Soon I was lying spread-eagle on a table, the anesthesiologist fiddling with my wrists. Woozy from drugs and exhaustion, distracted by the surgeons’ discussion of the astronauts on the TV screen floating on their tethers around space shuttle Endeavor, and separated from all view of the birth itself by a curtain, I was nonetheless alert to the moment at hand, the emergence of a slippery, wet being into the strange antiseptic metal world in which I lay, the holy metamorphosis of that first thud of life within me into a daughter. I wept. My husband, leaning helplessly over me, wept too. . . .

I tell you all this to give you an idea of what all was left out of the story of the coming of the Messiah—or, literally, the Anointed One. Mary’s labor. Joseph or perhaps some compassionate stranger attending. Their hours of hope and fear. Their exhaustion and relief when it was over. Someone’s grubby knife cutting the umbilical cord. The whole embarrassing nature of birth itself, involving body parts not generally viewed or even mentioned in public, birth fluids deemed impure in most ancient cultures, and such potential humiliations as the accidental release of the mother’s bladder or bowels. The messy, awkward realness of God’s birth as a human being. The cursed result of Eve’s sin, some might say. That’s what God took on to save us from ourselves.

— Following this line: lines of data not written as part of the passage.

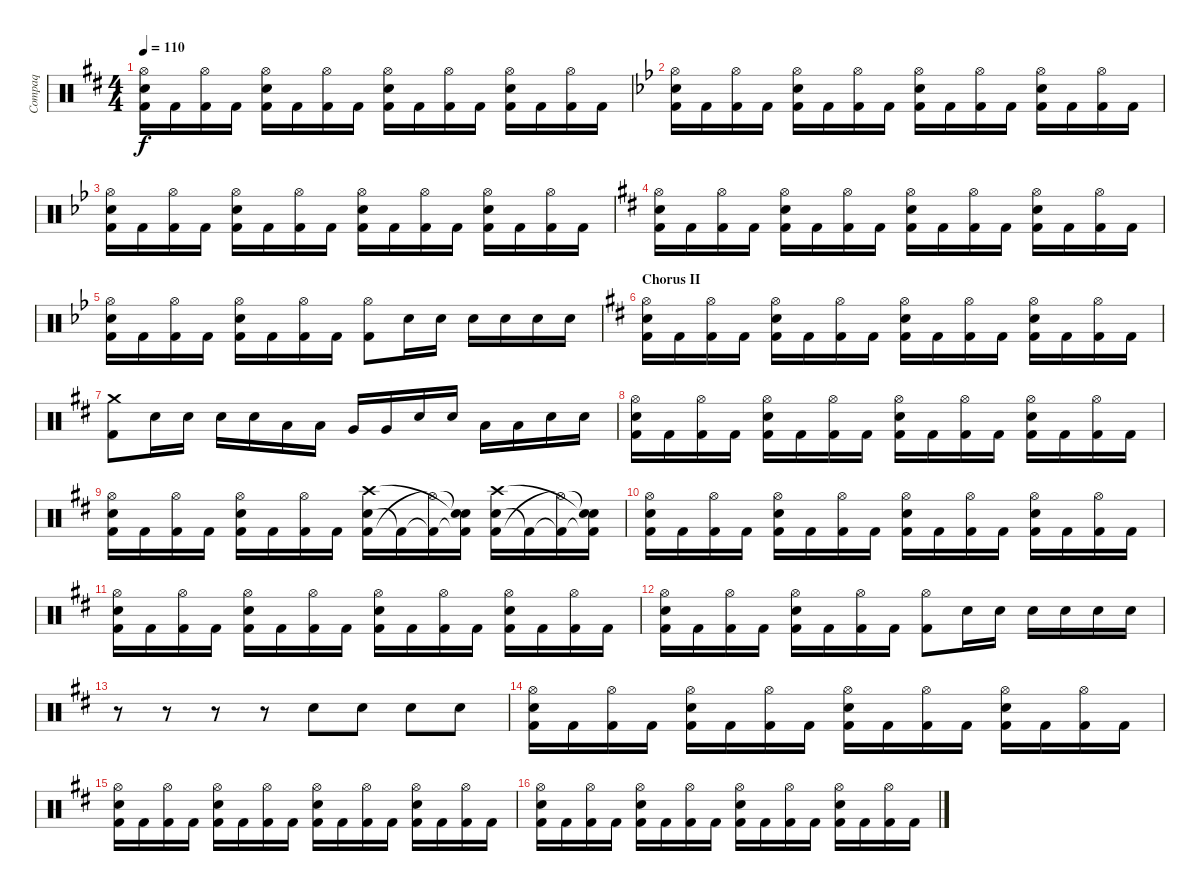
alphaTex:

\track ("Compaq" "Compaq") {instrument percussion}
\staff {score}
\articulation defaults
\ts (4 4)
\tempo 110
\clef neutral
\ks bminor
("Electric Snare (hit)" "Kick (hit) 2" "Hi-Hat (open)").16{dy f} "Kick (hit) 2".16 ("Kick (hit) 2" "Hi-Hat (open)").16 "Kick (hit) 2".16 ("Electric Snare (hit)" "Kick (hit) 2" "Hi-Hat (open)").16 "Kick (hit) 2".16 ("Kick (hit) 2" "Hi-Hat (open)").16 "Kick (hit) 2".16 ("Electric Snare (hit)" "Kick (hit) 2" "Hi-Hat (open)").16 "Kick (hit) 2".16 ("Kick (hit) 2" "Hi-Hat (open)").16 "Kick (hit) 2".16 ("Electric Snare (hit)" "Kick (hit) 2" "Hi-Hat (open)").16 "Kick (hit) 2".16 ("Kick (hit) 2" "Hi-Hat (open)").16 "Kick (hit) 2".16 |
\ks bb
("Electric Snare (hit)" "Kick (hit) 2" "Hi-Hat (open)").16 "Kick (hit) 2".16 ("Kick (hit) 2" "Hi-Hat (open)").16 "Kick (hit) 2".16 ("Electric Snare (hit)" "Kick (hit) 2" "Hi-Hat (open)").16 "Kick (hit) 2".16 ("Kick (hit) 2" "Hi-Hat (open)").16 "Kick (hit) 2".16 ("Electric Snare (hit)" "Kick (hit) 2" "Hi-Hat (open)").16 "Kick (hit) 2".16 ("Kick (hit) 2" "Hi-Hat (open)").16 "Kick (hit) 2".16 ("Electric Snare (hit)" "Kick (hit) 2" "Hi-Hat (open)").16 "Kick (hit) 2".16 ("Kick (hit) 2" "Hi-Hat (open)").16 "Kick (hit) 2".16 |
("Electric Snare (hit)" "Kick (hit) 2" "Hi-Hat (open)").16 "Kick (hit) 2".16 ("Kick (hit) 2" "Hi-Hat (open)").16 "Kick (hit) 2".16 ("Electric Snare (hit)" "Kick (hit) 2" "Hi-Hat (open)").16 "Kick (hit) 2".16 ("Kick (hit) 2" "Hi-Hat (open)").16 "Kick (hit) 2".16 ("Electric Snare (hit)" "Kick (hit) 2" "Hi-Hat (open)").16 "Kick (hit) 2".16 ("Kick (hit) 2" "Hi-Hat (open)").16 "Kick (hit) 2".16 ("Electric Snare (hit)" "Kick (hit) 2" "Hi-Hat (open)").16 "Kick (hit) 2".16 ("Kick (hit) 2" "Hi-Hat (open)").16 "Kick (hit) 2".16 |
\ks bminor
("Electric Snare (hit)" "Kick (hit) 2" "Hi-Hat (open)").16 "Kick (hit) 2".16 ("Kick (hit) 2" "Hi-Hat (open)").16 "Kick (hit) 2".16 ("Electric Snare (hit)" "Kick (hit) 2" "Hi-Hat (open)").16 "Kick (hit) 2".16 ("Kick (hit) 2" "Hi-Hat (open)").16 "Kick (hit) 2".16 ("Electric Snare (hit)" "Kick (hit) 2" "Hi-Hat (open)").16 "Kick (hit) 2".16 ("Kick (hit) 2" "Hi-Hat (open)").16 "Kick (hit) 2".16 ("Electric Snare (hit)" "Kick (hit) 2" "Hi-Hat (open)").16 "Kick (hit) 2".16 ("Kick (hit) 2" "Hi-Hat (open)").16 "Kick (hit) 2".16 |
\ks bb
("Electric Snare (hit)" "Kick (hit) 2" "Hi-Hat (open)").16 "Kick (hit) 2".16 ("Kick (hit) 2" "Hi-Hat (open)").16 "Kick (hit) 2".16 ("Electric Snare (hit)" "Kick (hit) 2" "Hi-Hat (open)").16 "Kick (hit) 2".16 ("Kick (hit) 2" "Hi-Hat (open)").16 "Kick (hit) 2".16 ("Hi-Hat (open)" "Kick (hit) 2").8 "Electric Snare (hit)".16 "Electric Snare (hit)".16 "Electric Snare (hit)".16 "Electric Snare (hit)".16 "Electric Snare (hit)".16 "Electric Snare (hit)".16 |
\section ("" "Chorus II")
\ks bminor
("Electric Snare (hit)" "Kick (hit) 2" "Hi-Hat (open)").16 "Kick (hit) 2".16 ("Kick (hit) 2" "Hi-Hat (open)").16 "Kick (hit) 2".16 ("Electric Snare (hit)" "Kick (hit) 2" "Hi-Hat (open)").16 "Kick (hit) 2".16 ("Kick (hit) 2" "Hi-Hat (open)").16 "Kick (hit) 2".16 ("Electric Snare (hit)" "Kick (hit) 2" "Hi-Hat (open)").16 "Kick (hit) 2".16 ("Kick (hit) 2" "Hi-Hat (open)").16 "Kick (hit) 2".16 ("Electric Snare (hit)" "Kick (hit) 2" "Hi-Hat (open)").16 "Kick (hit) 2".16 ("Kick (hit) 2" "Hi-Hat (open)").16 "Kick (hit) 2".16 |
("Crash medium (hit)" "Kick (hit) 2").8 "Electric Snare (hit)".16 "Electric Snare (hit)".16 "Electric Snare (hit)".16 "Electric Snare (hit)".16 "Low Tom (hit)".16 "Low Tom (hit)".16 "Very Low Tom (hit)".16 "Very Low Tom (hit)".16 "Electric Snare (hit)".16 "Electric Snare (hit)".16 "Low Floor Tom (hit)".16 "Low Floor Tom (hit)".16 "Electric Snare (hit)".16 "Electric Snare (hit)".16 |
("Electric Snare (hit)" "Kick (hit) 2" "Hi-Hat (open)").16 "Kick (hit) 2".16 ("Kick (hit) 2" "Hi-Hat (open)").16 "Kick (hit) 2".16 ("Electric Snare (hit)" "Kick (hit) 2" "Hi-Hat (open)").16 "Kick (hit) 2".16 ("Kick (hit) 2" "Hi-Hat (open)").16 "Kick (hit) 2".16 ("Electric Snare (hit)" "Kick (hit) 2" "Hi-Hat (open)").16 "Kick (hit) 2".16 ("Kick (hit) 2" "Hi-Hat (open)").16 "Kick (hit) 2".16 ("Electric Snare (hit)" "Kick (hit) 2" "Hi-Hat (open)").16 "Kick (hit) 2".16 ("Kick (hit) 2" "Hi-Hat (open)").16 "Kick (hit) 2".16 |
("Electric Snare (hit)" "Kick (hit) 2" "Hi-Hat (open)").16 "Kick (hit) 2".16 ("Kick (hit) 2" "Hi-Hat (open)").16 "Kick (hit) 2".16 ("Electric Snare (hit)" "Kick (hit) 2" "Hi-Hat (open)").16 "Kick (hit) 2".16 ("Kick (hit) 2" "Hi-Hat (open)").16 "Kick (hit) 2".16 ("Electric Snare (hit)" "Kick (hit) 2" "Crash high (hit)").16 "Kick (hit) 2"{t}.16 ("Kick (hit) 2"{t} "Hi-Hat (open)"{t}).16 ("Kick (hit) 2"{t} "Snare (hit)"{t} "Snare (hit)"{t}).16 ("Electric Snare (hit)" "Kick (hit) 2" "Crash high (hit)").16 "Kick (hit) 2"{t}.16 ("Kick (hit) 2"{t} "Hi-Hat (open)"{t}).16 ("Kick (hit) 2"{t} "Snare (hit)"{t} "Snare (hit)"{t}).16 |
("Electric Snare (hit)" "Kick (hit) 2" "Hi-Hat (open)").16 "Kick (hit) 2".16 ("Kick (hit) 2" "Hi-Hat (open)").16 "Kick (hit) 2".16 ("Electric Snare (hit)" "Kick (hit) 2" "Hi-Hat (open)").16 "Kick (hit) 2".16 ("Kick (hit) 2" "Hi-Hat (open)").16 "Kick (hit) 2".16 ("Electric Snare (hit)" "Kick (hit) 2" "Hi-Hat (open)").16 "Kick (hit) 2".16 ("Kick (hit) 2" "Hi-Hat (open)").16 "Kick (hit) 2".16 ("Electric Snare (hit)" "Kick (hit) 2" "Hi-Hat (open)").16 "Kick (hit) 2".16 ("Kick (hit) 2" "Hi-Hat (open)").16 "Kick (hit) 2".16 |
("Electric Snare (hit)" "Kick (hit) 2" "Hi-Hat (open)").16 "Kick (hit) 2".16 ("Kick (hit) 2" "Hi-Hat (open)").16 "Kick (hit) 2".16 ("Electric Snare (hit)" "Kick (hit) 2" "Hi-Hat (open)").16 "Kick (hit) 2".16 ("Kick (hit) 2" "Hi-Hat (open)").16 "Kick (hit) 2".16 ("Electric Snare (hit)" "Kick (hit) 2" "Hi-Hat (open)").16 "Kick (hit) 2".16 ("Kick (hit) 2" "Hi-Hat (open)").16 "Kick (hit) 2".16 ("Electric Snare (hit)" "Kick (hit) 2" "Hi-Hat (open)").16 "Kick (hit) 2".16 ("Kick (hit) 2" "Hi-Hat (open)").16 "Kick (hit) 2".16 |
("Electric Snare (hit)" "Kick (hit) 2" "Hi-Hat (open)").16 "Kick (hit) 2".16 ("Kick (hit) 2" "Hi-Hat (open)").16 "Kick (hit) 2".16 ("Electric Snare (hit)" "Kick (hit) 2" "Hi-Hat (open)").16 "Kick (hit) 2".16 ("Kick (hit) 2" "Hi-Hat (open)").16 "Kick (hit) 2".16 ("Hi-Hat (open)" "Kick (hit) 2").8 "Electric Snare (hit)".16 "Electric Snare (hit)".16 "Electric Snare (hit)".16 "Electric Snare (hit)".16 "Electric Snare (hit)".16 "Electric Snare (hit)".16 |
r.8 r.8 r.8 r.8 "Electric Snare (hit)".8 "Electric Snare (hit)".8 "Electric Snare (hit)".8 "Electric Snare (hit)".8 |
("Electric Snare (hit)" "Kick (hit) 2" "Hi-Hat (open)").16 "Kick (hit) 2".16 ("Kick (hit) 2" "Hi-Hat (open)").16 "Kick (hit) 2".16 ("Electric Snare (hit)" "Kick (hit) 2" "Hi-Hat (open)").16 "Kick (hit) 2".16 ("Kick (hit) 2" "Hi-Hat (open)").16 "Kick (hit) 2".16 ("Electric Snare (hit)" "Kick (hit) 2" "Hi-Hat (open)").16 "Kick (hit) 2".16 ("Kick (hit) 2" "Hi-Hat (open)").16 "Kick (hit) 2".16 ("Electric Snare (hit)" "Kick (hit) 2" "Hi-Hat (open)").16 "Kick (hit) 2".16 ("Kick (hit) 2" "Hi-Hat (open)").16 "Kick (hit) 2".16 |
("Electric Snare (hit)" "Kick (hit) 2" "Hi-Hat (open)").16 "Kick (hit) 2".16 ("Kick (hit) 2" "Hi-Hat (open)").16 "Kick (hit) 2".16 ("Electric Snare (hit)" "Kick (hit) 2" "Hi-Hat (open)").16 "Kick (hit) 2".16 ("Kick (hit) 2" "Hi-Hat (open)").16 "Kick (hit) 2".16 ("Electric Snare (hit)" "Kick (hit) 2" "Hi-Hat (open)").16 "Kick (hit) 2".16 ("Kick (hit) 2" "Hi-Hat (open)").16 "Kick (hit) 2".16 ("Electric Snare (hit)" "Kick (hit) 2" "Hi-Hat (open)").16 "Kick (hit) 2".16 ("Kick (hit) 2" "Hi-Hat (open)").16 "Kick (hit) 2".16 |
("Electric Snare (hit)" "Kick (hit) 2" "Hi-Hat (open)").16 "Kick (hit) 2".16 ("Kick (hit) 2" "Hi-Hat (open)").16 "Kick (hit) 2".16 ("Electric Snare (hit)" "Kick (hit) 2" "Hi-Hat (open)").16 "Kick (hit) 2".16 ("Kick (hit) 2" "Hi-Hat (open)").16 "Kick (hit) 2".16 ("Electric Snare (hit)" "Kick (hit) 2" "Hi-Hat (open)").16 "Kick (hit) 2".16 ("Kick (hit) 2" "Hi-Hat (open)").16 "Kick (hit) 2".16 ("Electric Snare (hit)" "Kick (hit) 2" "Hi-Hat (open)").16 "Kick (hit) 2".16 ("Kick (hit) 2" "Hi-Hat (open)").16 "Kick (hit) 2".16

Of course, you might argue that God didn’t see it that way. That, for him, birth—every revolting detail of it—is beautiful. When Jesus was born, God the Father was perhaps as wet-eyed as Kris and I were when witnessing our daughters’ entries into the world. . . . God likely watched over his own emergence from his human mother in unadulterated delight.

There is obscurity in this notion—the same obscurity that attends any examination of Jesus’ dual existence as human and divine or even cursory consideration of the triune nature of God. How is it that Jesus, who was God himself, “grew in wisdom and stature, and found favor with God” (Luke 2:52), as we’re told he did? Later, on the cross, Jesus cries out, “My God, my God, why have you forsaken me?” (Mark 15:34). How could God forsake himself? And during Jesus’ lifetime on earth, a Samaritan woman he meets at a well confidently exclaims, “I know that Messiah . . . is coming. When he comes, he will explain everything to us” (John 4:25). If she is right—and Jesus himself confirms that she is when he responds, “I, the one speaking to you—I am he” (4:26)—she must be speaking of the complete revelations we’ll all enjoy with Christ’s second coming. Because Jesus did come, after all. He stood before her, drank water from her dipper, looked her directly in the eyes, spoke to her. Yet for now, so much remains unexplained.

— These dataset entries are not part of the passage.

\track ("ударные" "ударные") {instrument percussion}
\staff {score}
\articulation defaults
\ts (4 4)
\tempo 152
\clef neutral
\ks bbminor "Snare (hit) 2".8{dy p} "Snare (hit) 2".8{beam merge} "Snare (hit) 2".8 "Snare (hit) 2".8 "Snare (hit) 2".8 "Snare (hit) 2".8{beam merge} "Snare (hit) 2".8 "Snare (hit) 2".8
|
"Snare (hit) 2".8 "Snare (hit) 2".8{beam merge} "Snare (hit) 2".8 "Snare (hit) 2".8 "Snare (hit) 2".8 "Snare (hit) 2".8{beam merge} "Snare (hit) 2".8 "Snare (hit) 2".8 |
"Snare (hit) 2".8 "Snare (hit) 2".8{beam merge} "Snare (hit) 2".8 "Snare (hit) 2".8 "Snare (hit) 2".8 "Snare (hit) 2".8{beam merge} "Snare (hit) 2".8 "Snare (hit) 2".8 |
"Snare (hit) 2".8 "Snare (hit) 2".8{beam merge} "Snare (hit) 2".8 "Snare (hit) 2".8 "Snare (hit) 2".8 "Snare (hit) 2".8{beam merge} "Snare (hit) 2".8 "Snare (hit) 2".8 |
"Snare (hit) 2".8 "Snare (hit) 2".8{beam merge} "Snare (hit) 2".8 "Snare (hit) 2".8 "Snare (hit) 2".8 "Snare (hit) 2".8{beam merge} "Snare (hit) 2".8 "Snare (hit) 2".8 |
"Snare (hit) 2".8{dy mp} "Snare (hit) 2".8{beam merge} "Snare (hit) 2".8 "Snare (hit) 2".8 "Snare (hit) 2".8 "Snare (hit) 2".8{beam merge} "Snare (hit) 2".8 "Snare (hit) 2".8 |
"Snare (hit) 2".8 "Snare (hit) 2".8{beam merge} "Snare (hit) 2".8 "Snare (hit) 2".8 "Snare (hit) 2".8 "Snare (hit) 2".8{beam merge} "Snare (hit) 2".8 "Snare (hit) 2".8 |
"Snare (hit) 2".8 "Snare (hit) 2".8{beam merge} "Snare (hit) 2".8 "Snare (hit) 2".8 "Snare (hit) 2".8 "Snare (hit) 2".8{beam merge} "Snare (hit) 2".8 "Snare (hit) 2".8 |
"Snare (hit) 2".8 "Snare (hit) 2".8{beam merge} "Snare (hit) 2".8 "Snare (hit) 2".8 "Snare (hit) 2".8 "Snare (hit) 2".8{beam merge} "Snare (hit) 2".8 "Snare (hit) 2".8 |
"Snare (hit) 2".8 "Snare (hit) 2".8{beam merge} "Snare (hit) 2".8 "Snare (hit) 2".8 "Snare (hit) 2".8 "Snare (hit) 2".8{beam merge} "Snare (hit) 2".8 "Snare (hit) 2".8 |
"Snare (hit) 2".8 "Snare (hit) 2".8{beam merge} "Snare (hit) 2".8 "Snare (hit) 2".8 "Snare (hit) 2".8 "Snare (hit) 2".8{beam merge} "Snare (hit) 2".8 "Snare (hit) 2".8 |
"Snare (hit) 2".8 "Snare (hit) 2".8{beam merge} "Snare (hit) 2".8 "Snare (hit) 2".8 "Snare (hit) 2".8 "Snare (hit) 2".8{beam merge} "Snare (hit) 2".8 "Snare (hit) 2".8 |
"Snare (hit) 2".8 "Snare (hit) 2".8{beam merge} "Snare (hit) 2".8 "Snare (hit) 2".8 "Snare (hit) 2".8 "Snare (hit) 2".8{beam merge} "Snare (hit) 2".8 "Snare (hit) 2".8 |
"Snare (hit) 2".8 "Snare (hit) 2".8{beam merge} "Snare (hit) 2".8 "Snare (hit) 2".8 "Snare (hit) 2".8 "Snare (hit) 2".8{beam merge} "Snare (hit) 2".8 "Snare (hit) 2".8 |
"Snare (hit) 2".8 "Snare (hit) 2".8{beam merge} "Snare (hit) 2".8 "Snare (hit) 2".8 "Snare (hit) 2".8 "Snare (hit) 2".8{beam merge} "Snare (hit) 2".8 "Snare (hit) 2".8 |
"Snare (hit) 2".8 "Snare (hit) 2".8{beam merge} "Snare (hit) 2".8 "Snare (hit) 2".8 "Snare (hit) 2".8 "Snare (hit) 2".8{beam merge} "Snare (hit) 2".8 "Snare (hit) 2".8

Consider Jesus’ entry into our world. Mary writhing and panting in the ill-lit stable. The carpenter Joseph, worried, inept, desperately reviewing in his mind a lamb’s birth he had witnessed once in his long-ago youth. Those birth fluids. The blood-smeared infant mewing forth a faint protest from the scratchy hay in the feed trough.

This pathetic spectacle of a birth clothes all the mystery of the Almighty’s promise to his otherwise doomed creatures. I have come to save you from yourselves, God tells us, through one of your own—a Messiah, humbly anointed in amniotic fluid, in urine, in blood. I give you the very word of my own mouth, who is me. He was with me in the beginning. Through him all things—even you!—were made. Without him, nothing else exists. In him is life, and that life is the life of all people.


Taken from  by Patty Kirk. Copyright (c) 2012 by Patty Kirk. Used by permission of ñ Press, P.O. Box 1400, Downers Grove, IL  60515-1426.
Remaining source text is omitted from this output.